Task prompt> The records below are to be restated word for word, with their images omitted.

Data excerpts>
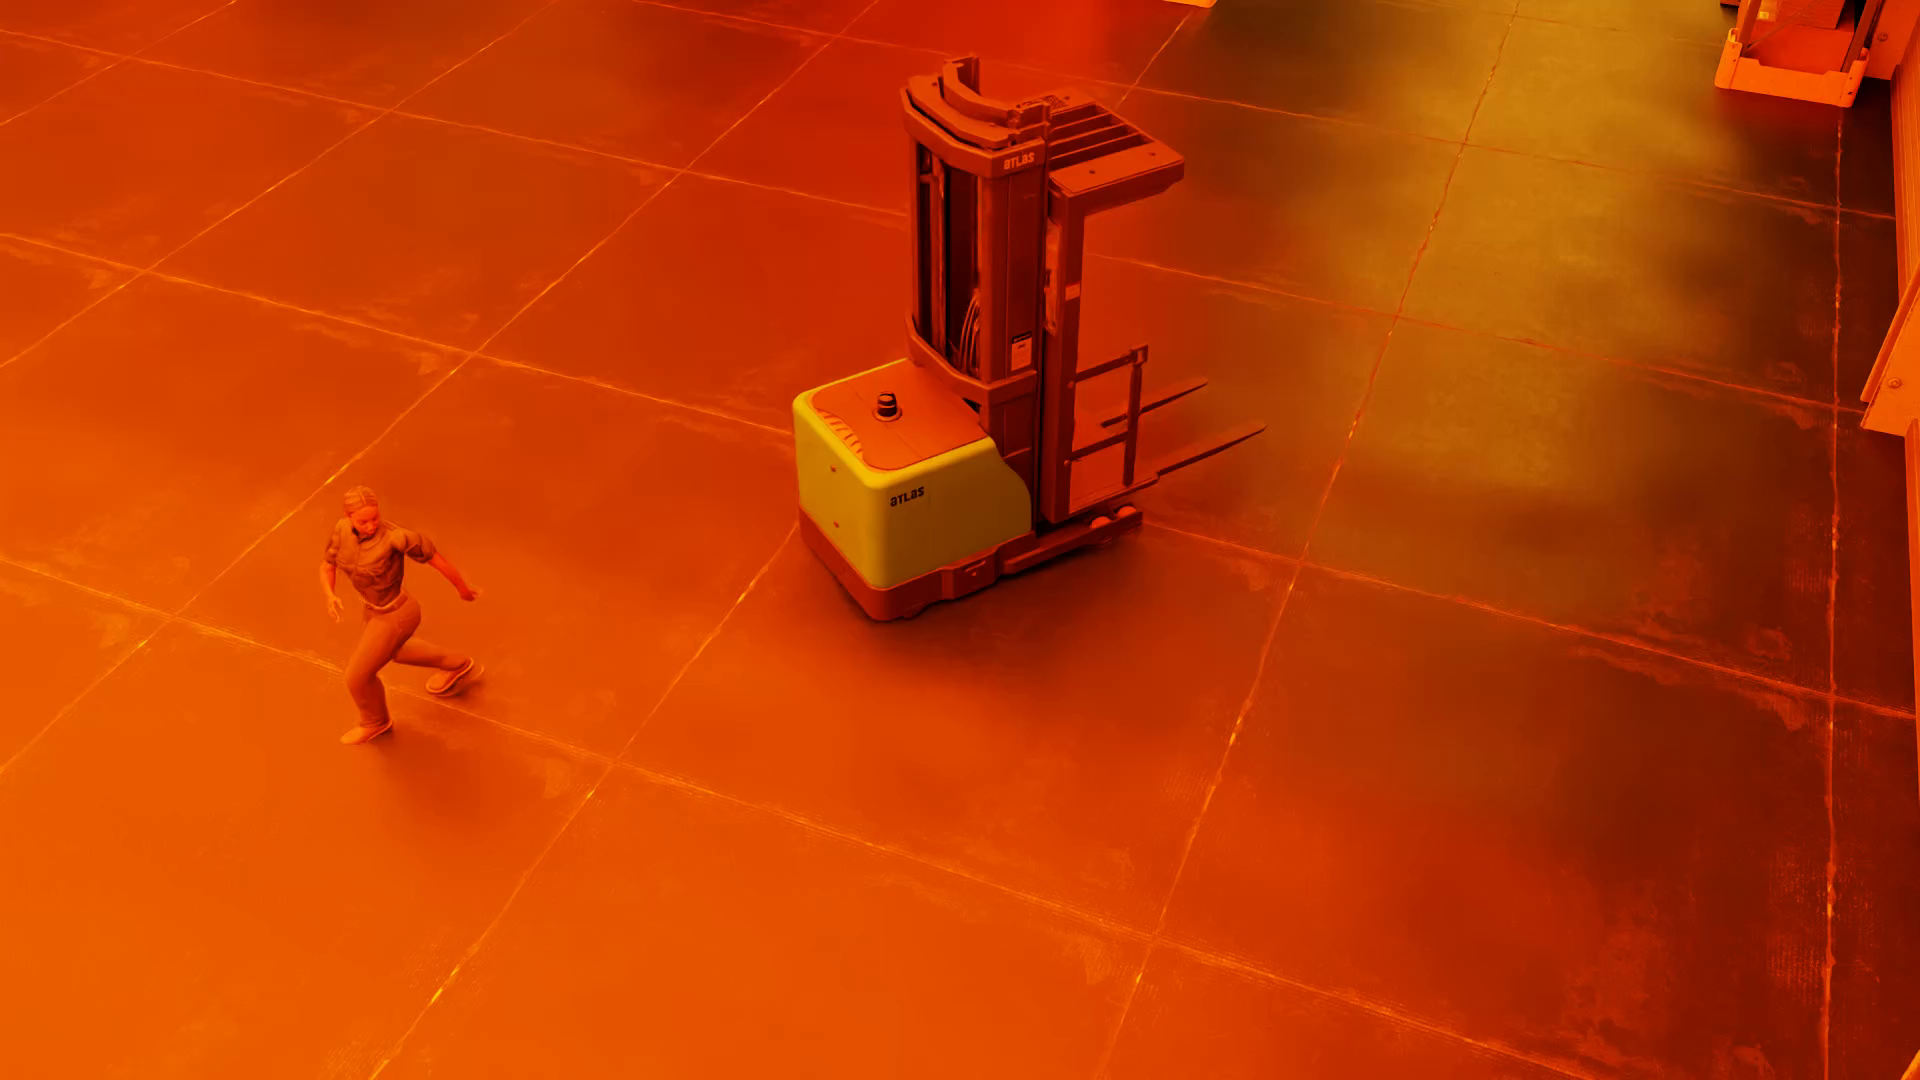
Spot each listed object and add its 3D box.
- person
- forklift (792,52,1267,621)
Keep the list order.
[{"bbox_3d":[-2.991,0.360,8.664,0.842,1.582,0.479,-31,49,-31],"label":"person"},{"bbox_3d":[0.537,-1.370,9.643,3.031,2.935,1.130,-22,44,-24],"label":"forklift"}]
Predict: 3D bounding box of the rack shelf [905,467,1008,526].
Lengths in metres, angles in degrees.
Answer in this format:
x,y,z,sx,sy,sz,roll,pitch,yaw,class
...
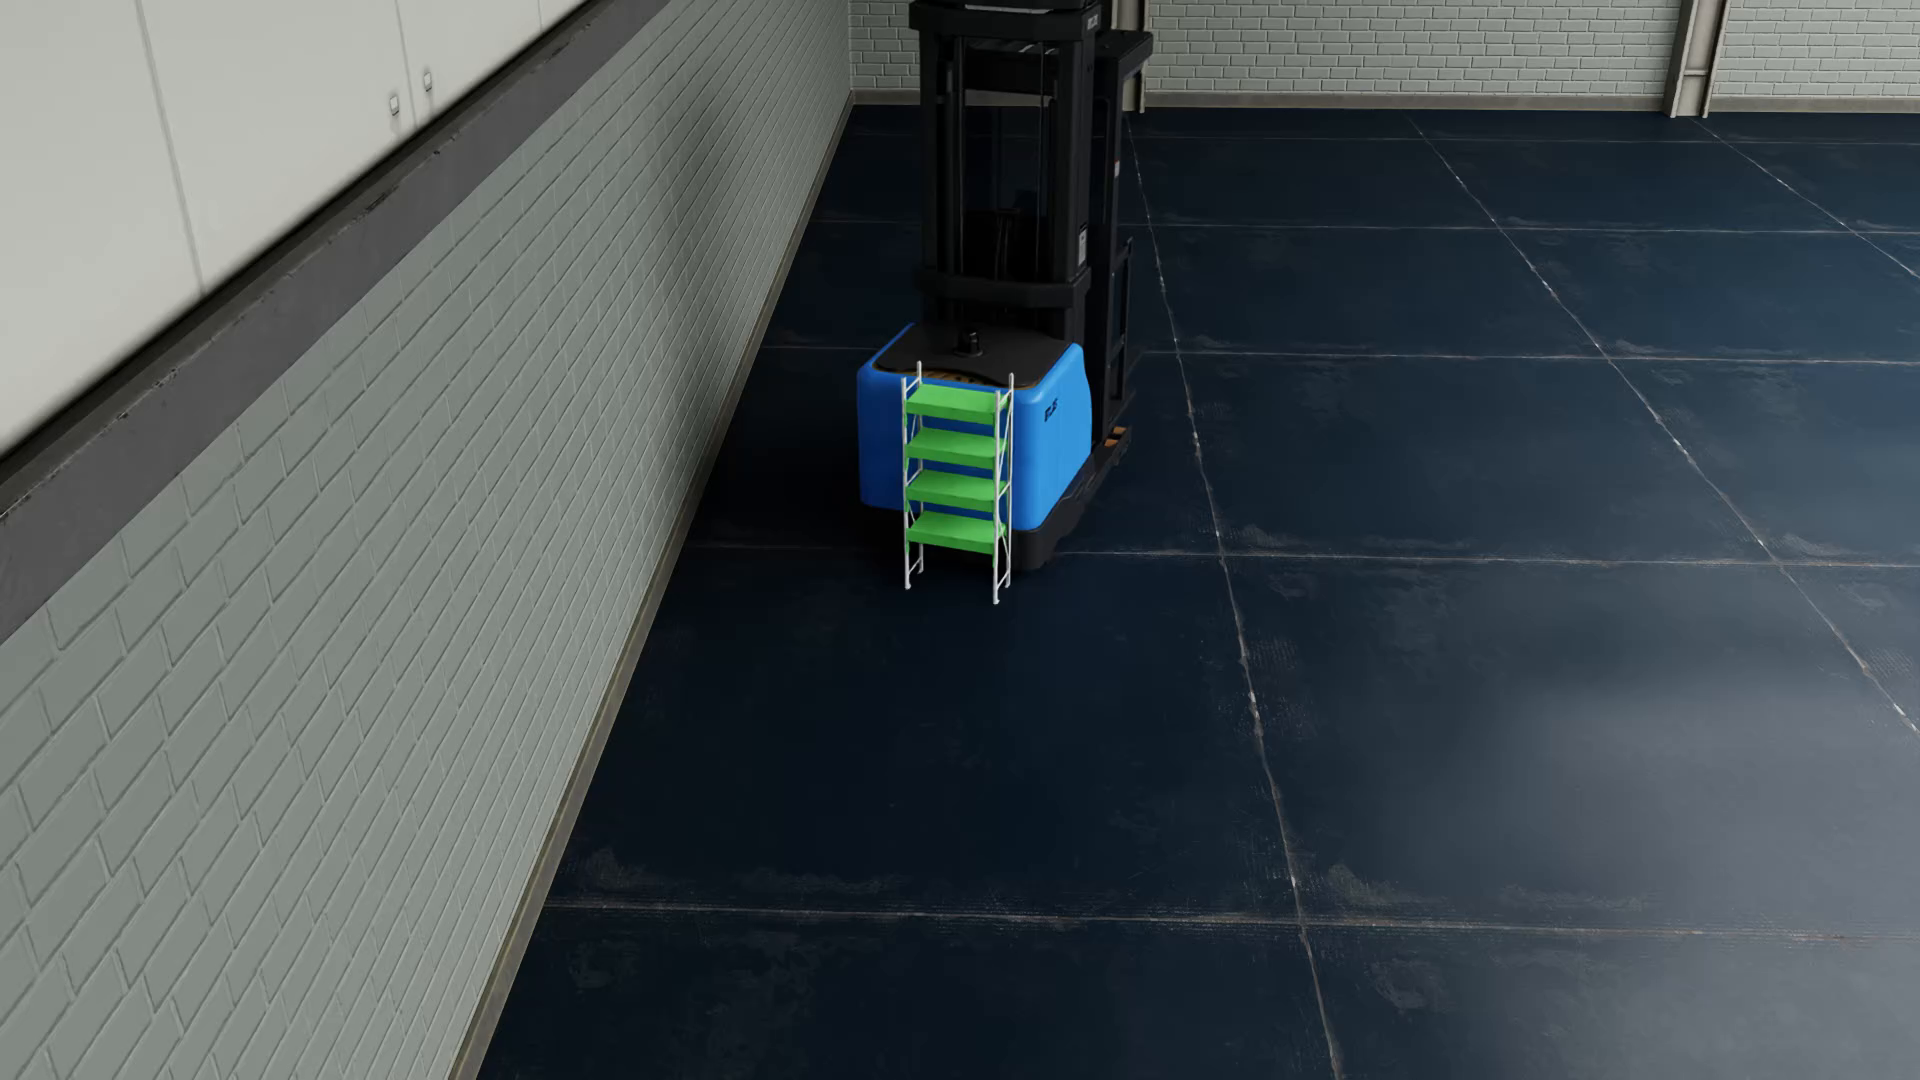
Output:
x,y,z,sx,sy,sz,roll,pitch,yaw,class
-0.012,-0.225,8.530,0.480,0.148,0.258,9,29,17,rack shelf

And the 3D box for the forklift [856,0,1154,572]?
x,y,z,sx,sy,sz,roll,pitch,yaw,class
0.421,-1.799,9.515,1.130,2.935,3.031,10,29,17,forklift

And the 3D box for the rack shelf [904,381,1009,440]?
x,y,z,sx,sy,sz,roll,pitch,yaw,class
-0.012,-0.649,8.305,0.480,0.148,0.258,9,29,17,rack shelf

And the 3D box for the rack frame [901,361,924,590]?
x,y,z,sx,sy,sz,roll,pitch,yaw,class
-0.242,-0.319,8.571,0.015,1.200,0.240,9,29,17,rack frame

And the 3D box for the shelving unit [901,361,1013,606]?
x,y,z,sx,sy,sz,roll,pitch,yaw,class
-0.012,-0.282,8.500,0.503,1.200,0.258,9,29,17,shelving unit

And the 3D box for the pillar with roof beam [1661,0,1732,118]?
x,y,z,sx,sy,sz,roll,pitch,yaw,class
7.640,-6.547,11.992,0.400,9.000,9.100,1,28,2,pillar with roof beam

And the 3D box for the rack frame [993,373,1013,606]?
x,y,z,sx,sy,sz,roll,pitch,yaw,class
0.218,-0.244,8.429,0.015,1.200,0.240,9,29,17,rack frame

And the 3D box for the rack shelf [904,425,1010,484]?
x,y,z,sx,sy,sz,roll,pitch,yaw,class
-0.012,-0.437,8.418,0.480,0.148,0.258,9,29,17,rack shelf

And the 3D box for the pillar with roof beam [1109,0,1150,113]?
x,y,z,sx,sy,sz,roll,pitch,yaw,class
1.643,-6.646,12.180,0.400,9.000,9.100,1,28,2,pillar with roof beam

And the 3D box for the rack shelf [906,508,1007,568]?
x,y,z,sx,sy,sz,roll,pitch,yaw,class
-0.012,-0.013,8.642,0.480,0.148,0.258,9,29,17,rack shelf
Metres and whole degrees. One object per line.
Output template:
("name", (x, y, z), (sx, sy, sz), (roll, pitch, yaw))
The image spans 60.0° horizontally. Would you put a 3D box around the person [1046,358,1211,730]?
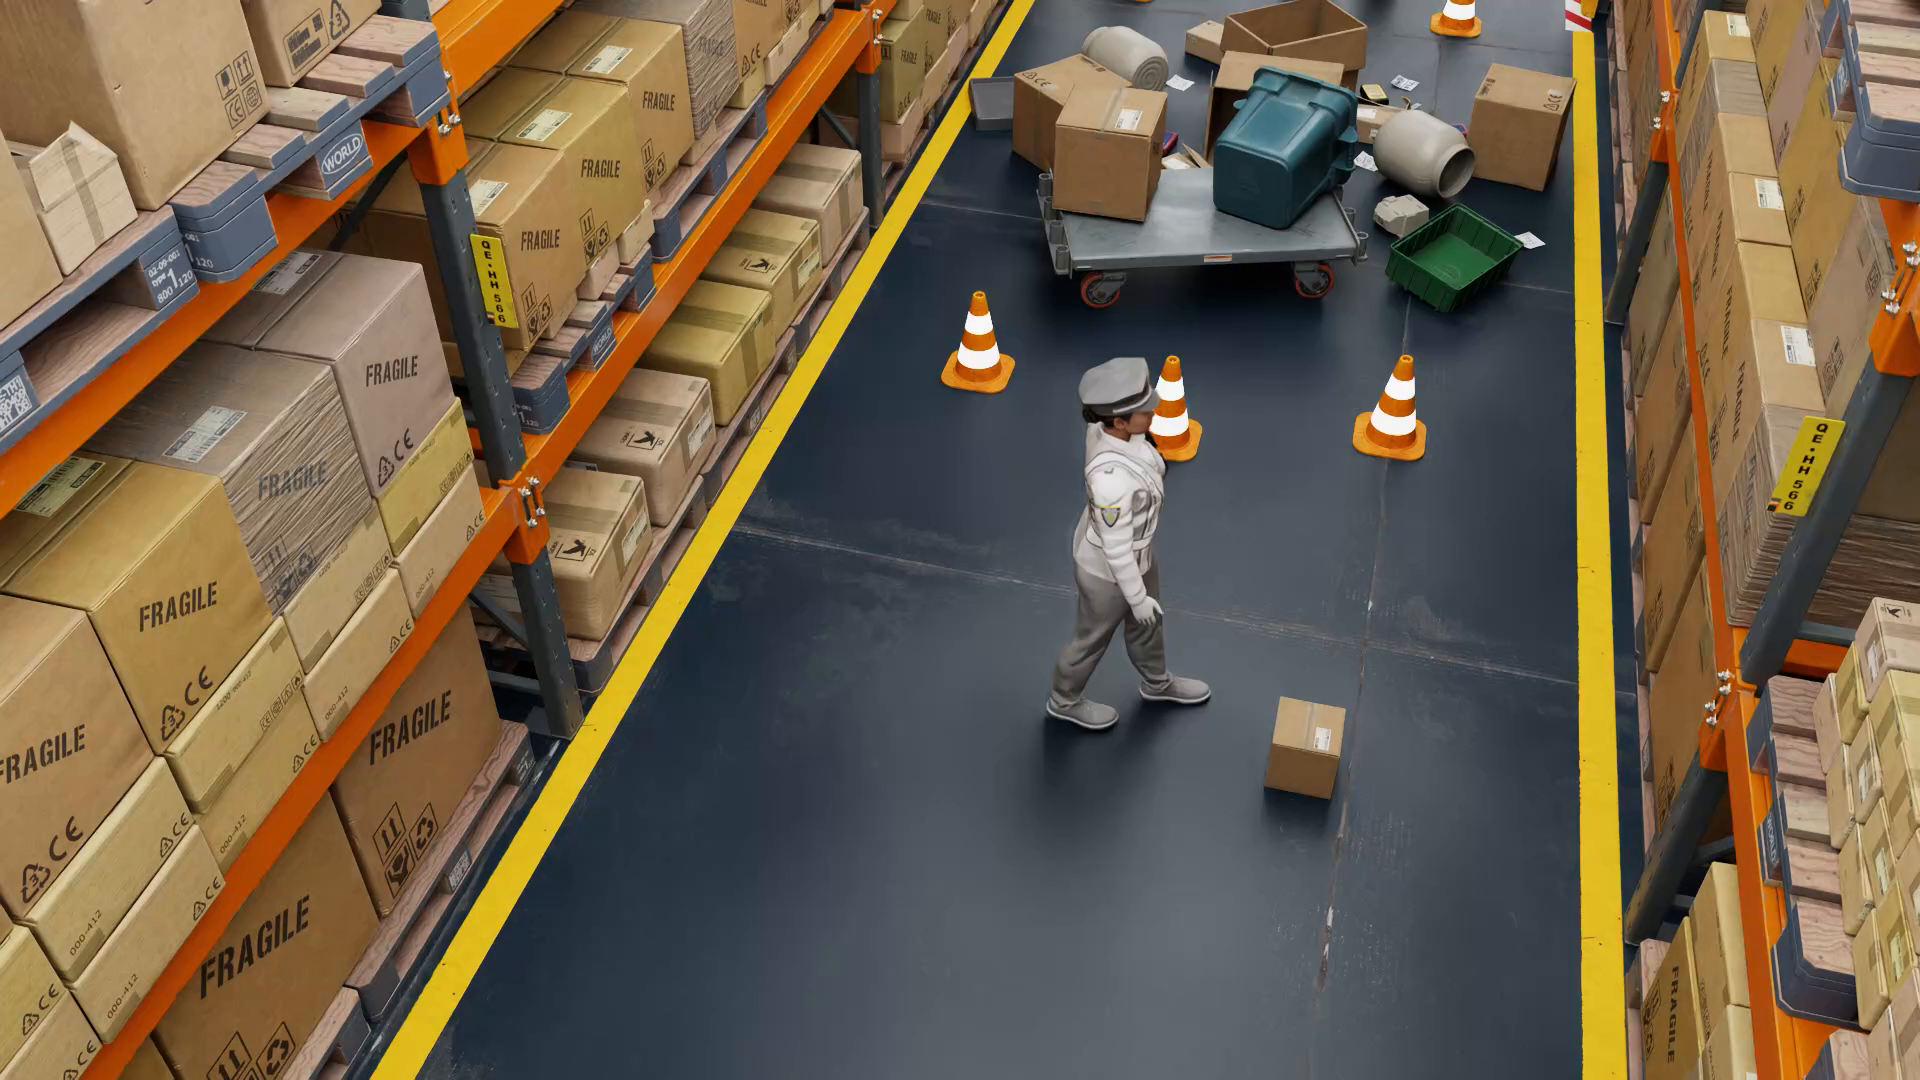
("person", (0.662, 0.075, 6.037), (0.642, 1.682, 0.503), (6, 42, 7))

Answer to the problem>
Spot each listed object and add its 3D box.
- person
- forklift (792,52,1267,621)
Keep the list order.
[{"bbox_3d":[-2.991,0.360,8.664,0.842,1.582,0.479,-31,49,-31],"label":"person"},{"bbox_3d":[0.537,-1.370,9.643,3.031,2.935,1.130,-22,44,-24],"label":"forklift"}]
Predict: 3D bounding box of the rack shelf [905,467,1008,526].
Lengths in metres, angles in degrees.
Answer in this format:
x,y,z,sx,sy,sz,roll,pitch,yaw,class
...
Output:
x,y,z,sx,sy,sz,roll,pitch,yaw,class
-0.012,-0.225,8.530,0.480,0.148,0.258,9,29,17,rack shelf

And the 3D box for the forklift [856,0,1154,572]?
x,y,z,sx,sy,sz,roll,pitch,yaw,class
0.421,-1.799,9.515,1.130,2.935,3.031,10,29,17,forklift

And the 3D box for the rack shelf [904,381,1009,440]?
x,y,z,sx,sy,sz,roll,pitch,yaw,class
-0.012,-0.649,8.305,0.480,0.148,0.258,9,29,17,rack shelf

And the 3D box for the rack frame [901,361,924,590]?
x,y,z,sx,sy,sz,roll,pitch,yaw,class
-0.242,-0.319,8.571,0.015,1.200,0.240,9,29,17,rack frame

And the 3D box for the shelving unit [901,361,1013,606]?
x,y,z,sx,sy,sz,roll,pitch,yaw,class
-0.012,-0.282,8.500,0.503,1.200,0.258,9,29,17,shelving unit

And the 3D box for the pillar with roof beam [1661,0,1732,118]?
x,y,z,sx,sy,sz,roll,pitch,yaw,class
7.640,-6.547,11.992,0.400,9.000,9.100,1,28,2,pillar with roof beam

And the 3D box for the rack frame [993,373,1013,606]?
x,y,z,sx,sy,sz,roll,pitch,yaw,class
0.218,-0.244,8.429,0.015,1.200,0.240,9,29,17,rack frame

And the 3D box for the rack shelf [904,425,1010,484]?
x,y,z,sx,sy,sz,roll,pitch,yaw,class
-0.012,-0.437,8.418,0.480,0.148,0.258,9,29,17,rack shelf

And the 3D box for the pillar with roof beam [1109,0,1150,113]?
x,y,z,sx,sy,sz,roll,pitch,yaw,class
1.643,-6.646,12.180,0.400,9.000,9.100,1,28,2,pillar with roof beam

And the 3D box for the rack shelf [906,508,1007,568]?
x,y,z,sx,sy,sz,roll,pitch,yaw,class
-0.012,-0.013,8.642,0.480,0.148,0.258,9,29,17,rack shelf
Metres and whole degrees. One object per line.
Output template:
("name", (x, y, z), (sx, sy, sz), (roll, pitch, yaw))
The image spans 60.0° horizontally. Would you put a 3D box around the person [1046,358,1211,730]?
("person", (0.662, 0.075, 6.037), (0.642, 1.682, 0.503), (6, 42, 7))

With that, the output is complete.